As you have noticed we no longer provide our vulnerability intelligence through the Secunia RSS Feed.

Explanation:

Today a large number of businesses and governments are subscribed to the commercial Vulnerability Feed from Secunia.

Over the past couple of years, Secunia has noticed that numerous businesses and governments have signed up for the Secunia RSS feed, as a result there has been a loss of revenue for Secunia which has limited us in our endeavors on providing sustainable and quality solutions.

It is naturally not fair toward our customers that larger IT departments are receiving intelligence free of charge – using our RSS feed – as others would have to invest in it.

The service that will replace the need for our RSS feed, will be the Secunia Vulnerability Intelligence Feed – VIF. This is naturally a commercial solution, please see attached PDF for further clarification.

In my opinion, this was a very dumb move by Secunia. Keep in mind that the RSS feed didn’t provide anything that wasn’t already public; it just provided it in a different format. In a few minutes, I could write something that generates a similar RSS feed from the HTML output of Secunia’s website (although their terms of service are also excessively heavy-handed about this). This is a common sense usability feature, not a product that should require a paid subscription. For Secunia to restrict its availability to paying customers is akin to if Google were to suddenly make message collapsing in Gmail conversations only available to people who fork over cash.

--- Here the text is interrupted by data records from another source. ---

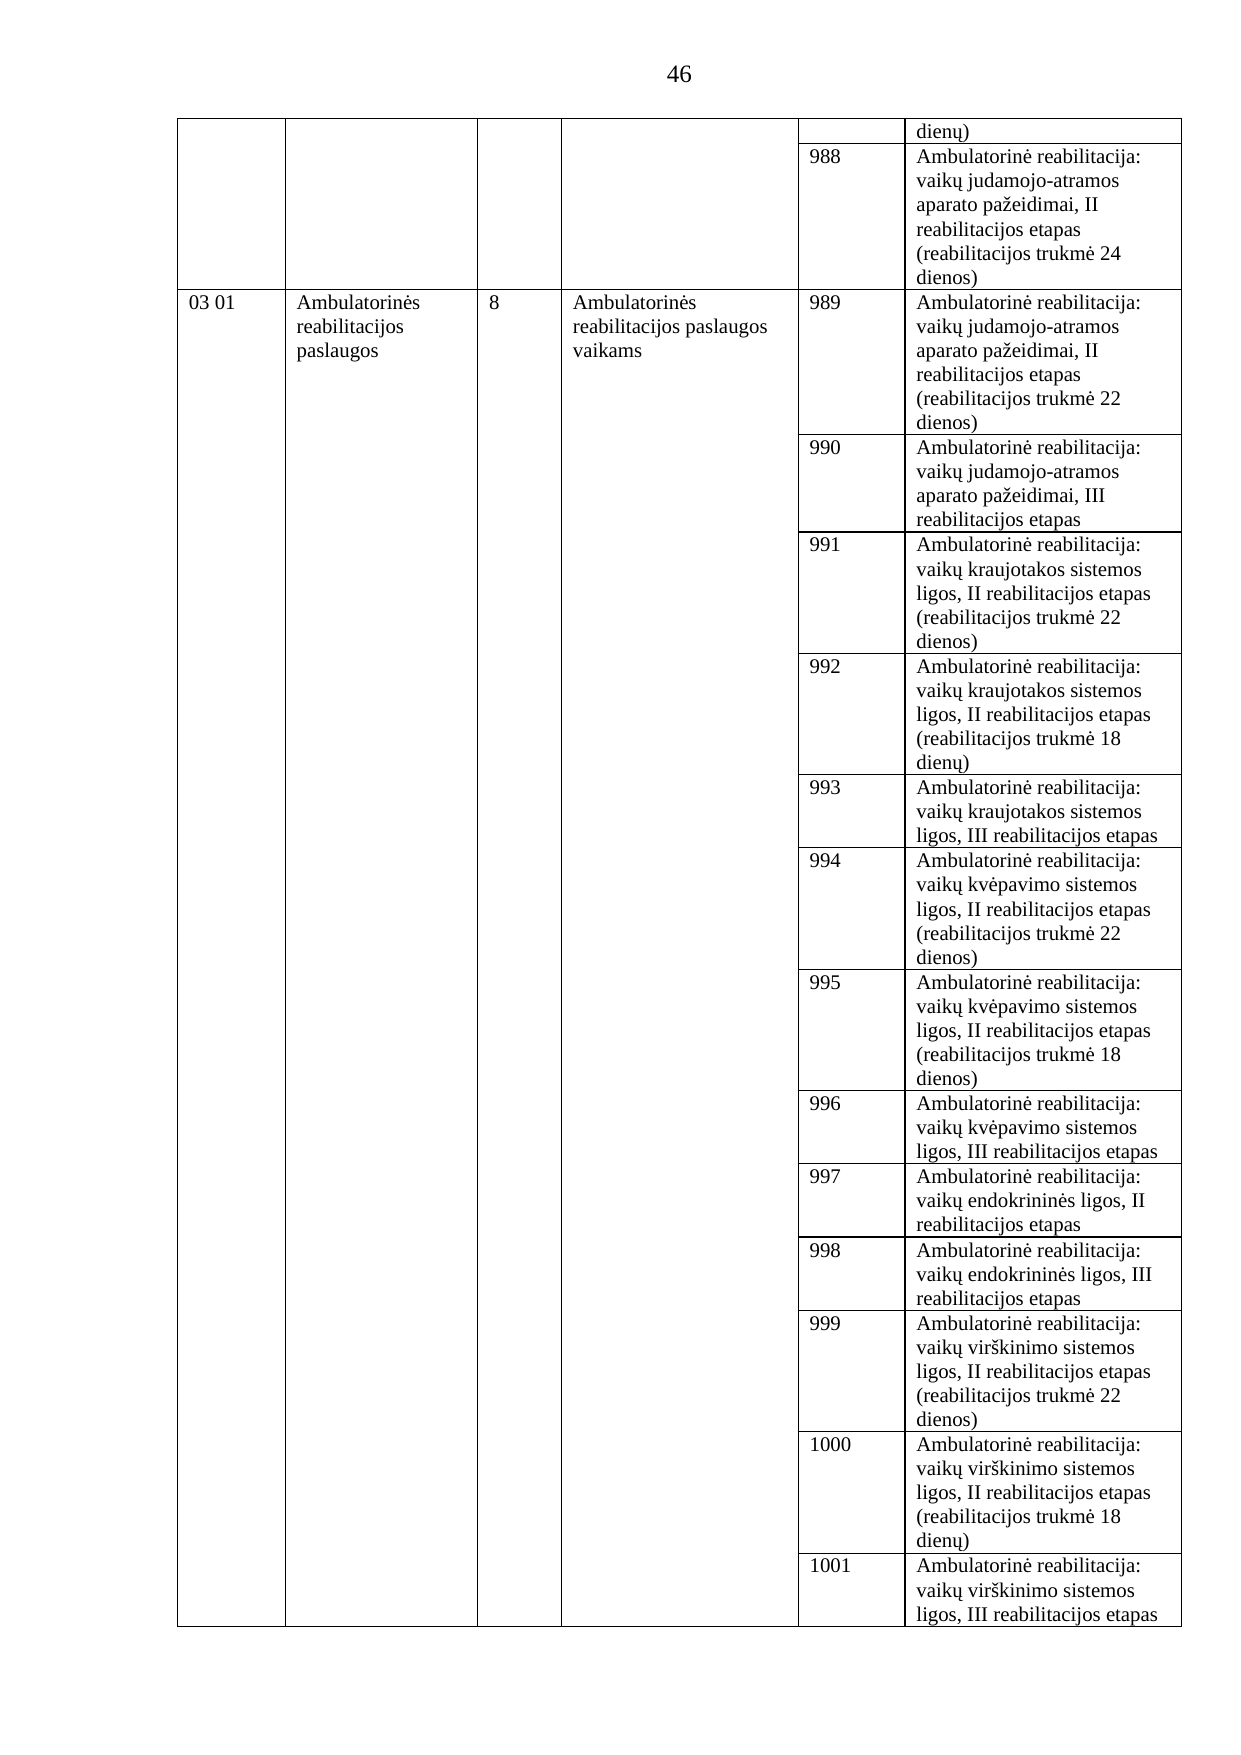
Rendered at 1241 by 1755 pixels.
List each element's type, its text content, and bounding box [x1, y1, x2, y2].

table_cell 989 [799, 290, 904, 434]
table_cell Ambulatorinė reabilitacija: vaikų virškinimo sistemos ligos, II reabilitacijos etapas (reabilitacijos trukmė 22 dienos) [906, 1311, 1181, 1431]
table_cell Ambulatorinė reabilitacija: vaikų endokrininės ligos, III reabilitacijos etapas [906, 1238, 1181, 1310]
table_cell Ambulatorinė reabilitacija: vaikų judamojo-atramos aparato pažeidimai, III reabilitacijos etapas [906, 435, 1181, 531]
table_cell 992 [799, 654, 904, 774]
table_cell [178, 119, 285, 289]
table_cell Ambulatorinė reabilitacija: vaikų kvėpavimo sistemos ligos, II reabilitacijos etapas (reabilitacijos trukmė 22 dienos) [906, 848, 1181, 969]
table_cell 8 [478, 290, 561, 1626]
table_cell 991 [799, 533, 904, 653]
table_cell Ambulatorinė reabilitacija: vaikų kraujotakos sistemos ligos, III reabilitacijos etapas [906, 775, 1181, 847]
table_cell Ambulatorinė reabilitacija: vaikų kraujotakos sistemos ligos, II reabilitacijos etapas (reabilitacijos trukmė 18 dienų) [906, 654, 1181, 774]
table_cell 998 [799, 1238, 904, 1310]
table_cell Ambulatorinė reabilitacija: vaikų kvėpavimo sistemos ligos, III reabilitacijos etapas [906, 1091, 1181, 1163]
table_cell Ambulatorinė reabilitacija: vaikų kvėpavimo sistemos ligos, II reabilitacijos etapas (reabilitacijos trukmė 18 dienos) [906, 970, 1181, 1090]
table_cell 999 [799, 1311, 904, 1431]
table_cell Ambulatorinė reabilitacija: vaikų judamojo-atramos aparato pažeidimai, II reabilitacijos etapas (reabilitacijos trukmė 24 dienos) [906, 144, 1181, 289]
table_cell 994 [799, 848, 904, 969]
table_cell 997 [799, 1164, 904, 1236]
table_cell 988 [799, 144, 904, 289]
table_cell 993 [799, 775, 904, 847]
table_cell 996 [799, 1091, 904, 1163]
table_cell Ambulatorinė reabilitacija: vaikų kraujotakos sistemos ligos, II reabilitacijos etapas (reabilitacijos trukmė 22 dienos) [906, 533, 1181, 653]
table_cell 1000 [799, 1432, 904, 1552]
table_cell Ambulatorinės reabilitacijos paslaugos vaikams [562, 290, 798, 1626]
table_cell [562, 119, 798, 289]
table_cell [799, 119, 904, 143]
table_cell [478, 119, 561, 289]
table_cell 995 [799, 970, 904, 1090]
table_cell dienų) [906, 119, 1181, 143]
table_cell Ambulatorinė reabilitacija: vaikų virškinimo sistemos ligos, II reabilitacijos etapas (reabilitacijos trukmė 18 dienų) [906, 1432, 1181, 1552]
table_cell 990 [799, 435, 904, 531]
table_cell 1001 [799, 1554, 904, 1626]
table_cell Ambulatorinės reabilitacijos paslaugos [286, 290, 477, 1626]
table_cell 03 01 [178, 290, 285, 1626]
table_cell Ambulatorinė reabilitacija: vaikų judamojo-atramos aparato pažeidimai, II reabilitacijos etapas (reabilitacijos trukmė 22 dienos) [906, 290, 1181, 434]
table_cell Ambulatorinė reabilitacija: vaikų virškinimo sistemos ligos, III reabilitacijos etapas [906, 1554, 1181, 1626]
table_cell [286, 119, 477, 289]
table_cell Ambulatorinė reabilitacija: vaikų endokrininės ligos, II reabilitacijos etapas [906, 1164, 1181, 1236]
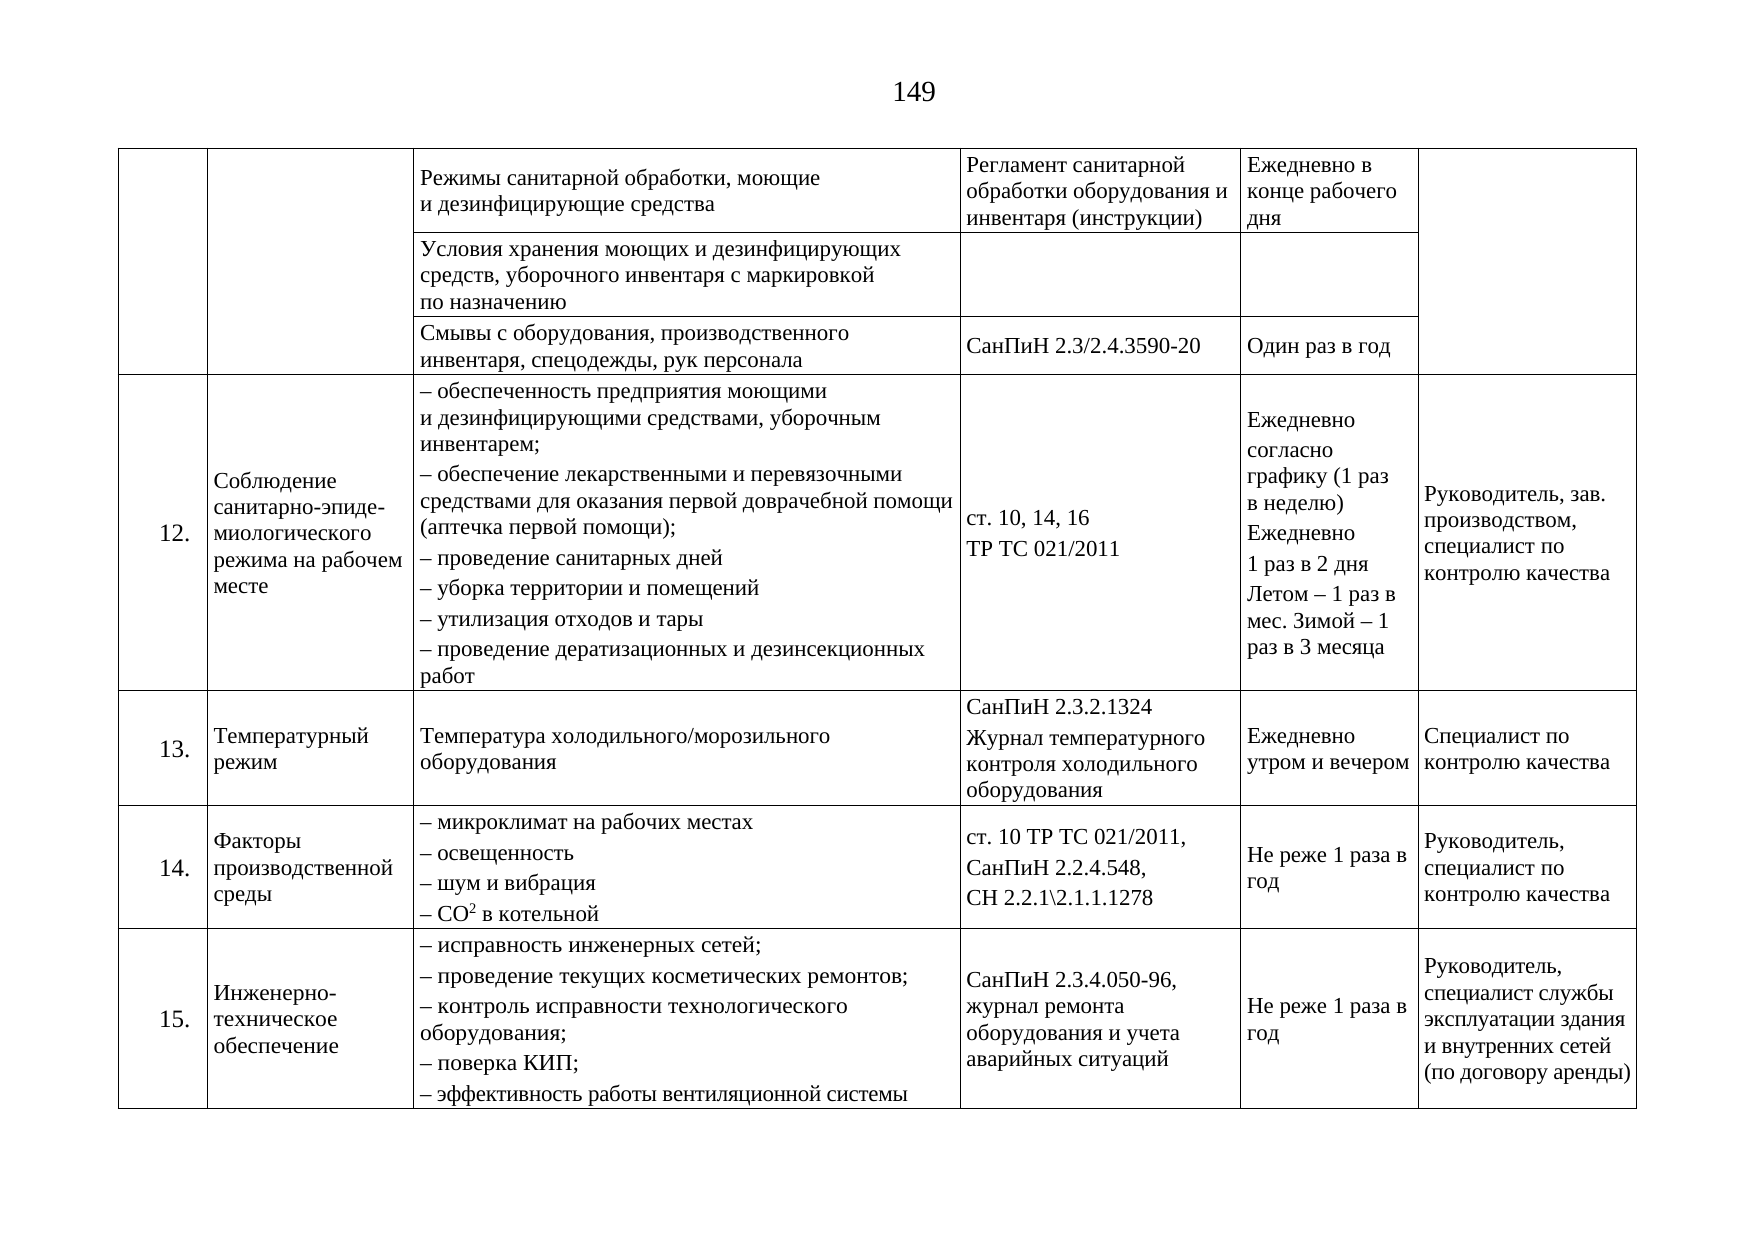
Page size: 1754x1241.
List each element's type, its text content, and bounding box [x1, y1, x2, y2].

table_cell Не реже 1 раза в год [1241, 806, 1418, 928]
table_cell – микроклимат на рабочих местах – освещенность – шум и вибрация – СО2 в котельной [414, 806, 960, 928]
table_cell Руководитель, специалист службы эксплуатации здания и внутренних сетей (по договору аренды) [1419, 929, 1636, 1108]
table_cell Руководитель, зав. производством, специалист по контролю качества [1419, 375, 1636, 690]
table_cell Смывы с оборудования, производственного инвентаря, спецодежды, рук персонала [414, 317, 960, 374]
table_cell – исправность инженерных сетей; – проведение текущих косметических ремонтов; – контроль исправности технологического оборудования; – поверка КИП; – эффективность работы вентиляционной системы [414, 929, 960, 1108]
table_cell [119, 806, 207, 928]
table_cell Ежедневно в конце рабочего дня [1241, 149, 1418, 232]
table_cell Температурный режим [208, 691, 413, 805]
table_cell Режимы санитарной обработки, моющие и дезинфицирующие средства [414, 149, 960, 232]
table_cell [119, 375, 207, 690]
table_cell Руководитель, специалист по контролю качества [1419, 806, 1636, 928]
table_cell [208, 149, 413, 374]
table_cell Специалист по контролю качества [1419, 691, 1636, 805]
table_cell Факторы производственной среды [208, 806, 413, 928]
table_cell Не реже 1 раза в год [1241, 929, 1418, 1108]
table_cell СанПиН 2.3.4.050-96, журнал ремонта оборудования и учета аварийных ситуаций [961, 929, 1240, 1108]
table_cell ст. 10 ТР ТС 021/2011, СанПиН 2.2.4.548, СН 2.2.1\2.1.1.1278 [961, 806, 1240, 928]
table_cell Ежедневно согласно графику (1 раз в неделю) Ежедневно 1 раз в 2 дня Летом – 1 раз в мес. Зимой – 1 раз в 3 месяца [1241, 375, 1418, 690]
table_cell [119, 691, 207, 805]
table_cell [119, 149, 207, 374]
table_cell [119, 929, 207, 1108]
table_cell [1419, 149, 1636, 374]
table_cell СанПиН 2.3.2.1324 Журнал температурного контроля холодильного оборудования [961, 691, 1240, 805]
table_cell [1241, 233, 1418, 316]
table_cell Соблюдение санитарно-эпиде­миологического режима на рабочем месте [208, 375, 413, 690]
table_cell Температура холодильного/морозильного оборудования [414, 691, 960, 805]
table_cell Регламент санитарной обработки оборудования и инвентаря (инструкции) [961, 149, 1240, 232]
table_cell Условия хранения моющих и дезинфицирующих средств, уборочного инвентаря с маркировкой по назначению [414, 233, 960, 316]
table_cell [961, 233, 1240, 316]
table_cell – обеспеченность предприятия моющими и дезинфицирующими средствами, уборочным инвентарем; – обеспечение лекарственными и перевязочными средствами для оказания первой доврачебной помощи (аптечка первой помощи); – проведение санитарных дней – уборка территории и помещений – утилизация отходов и тары – проведение дератизационных и дезинсекционных работ [414, 375, 960, 690]
table_cell Один раз в год [1241, 317, 1418, 374]
table_cell ст. 10, 14, 16 ТР ТС 021/2011 [961, 375, 1240, 690]
table_cell Инженерно-техническое обеспечение [208, 929, 413, 1108]
table_cell СанПиН 2.3/2.4.3590-20 [961, 317, 1240, 374]
table_cell Ежедневно утром и вечером [1241, 691, 1418, 805]

One of the things that made Secunia so appealing to me was how accessible their information was. Now, it’s like the site is living in the 1990s. It’s a real shame when a company is willing to cripple their service like this rather than find a legitimate business model. Secunia has some very valuable assets; if their business really depends on profit from a mere RSS feed of already-available data, they’re doing something wrong.

Because of the removal of the RSS feature, my Web browser security summary page is likely outdated. I’ll go through Secunia’s advisory archives and update my data sometime soon.

New web browser security information

Sunday, May 7th, 2006

A lot of new statistical information has been added to the Web browser security summary resource. Since security is a significant factor in deciding which browser to use, this resource tries to present the situation from as many different angles as possible.

More security summary additions

Wednesday, March 8th, 2006

There have been some more improvements to the Web browser security summary page. In order to present more perspective, all sections have now been split up into subsections that deal with advisories, vulnerabilities, and relative danger levels separately. There is also a new section of the Vulnerabilities table that shows the highest amount of open advisories, vulnerabilities, and relative danger that each web browser has had at one time.

Browser security graphs

Saturday, February 25th, 2006

The Web browser security summary page now includes graphs showing the relative number and severity of known unpatched security vulnerabilities in time since November 2004 in Internet Explorer, Firefox, and Opera. The graph is updated automatically as time goes on and as new security vulnerabilities are discovered and fixed.

It is interesting to note that, although usage share of Firefox and Opera continue to rise, the number of vulnerabilities seems to be in an overall decline. Meanwhile, the Internet Explorer vulnerability count continues to be on the rise.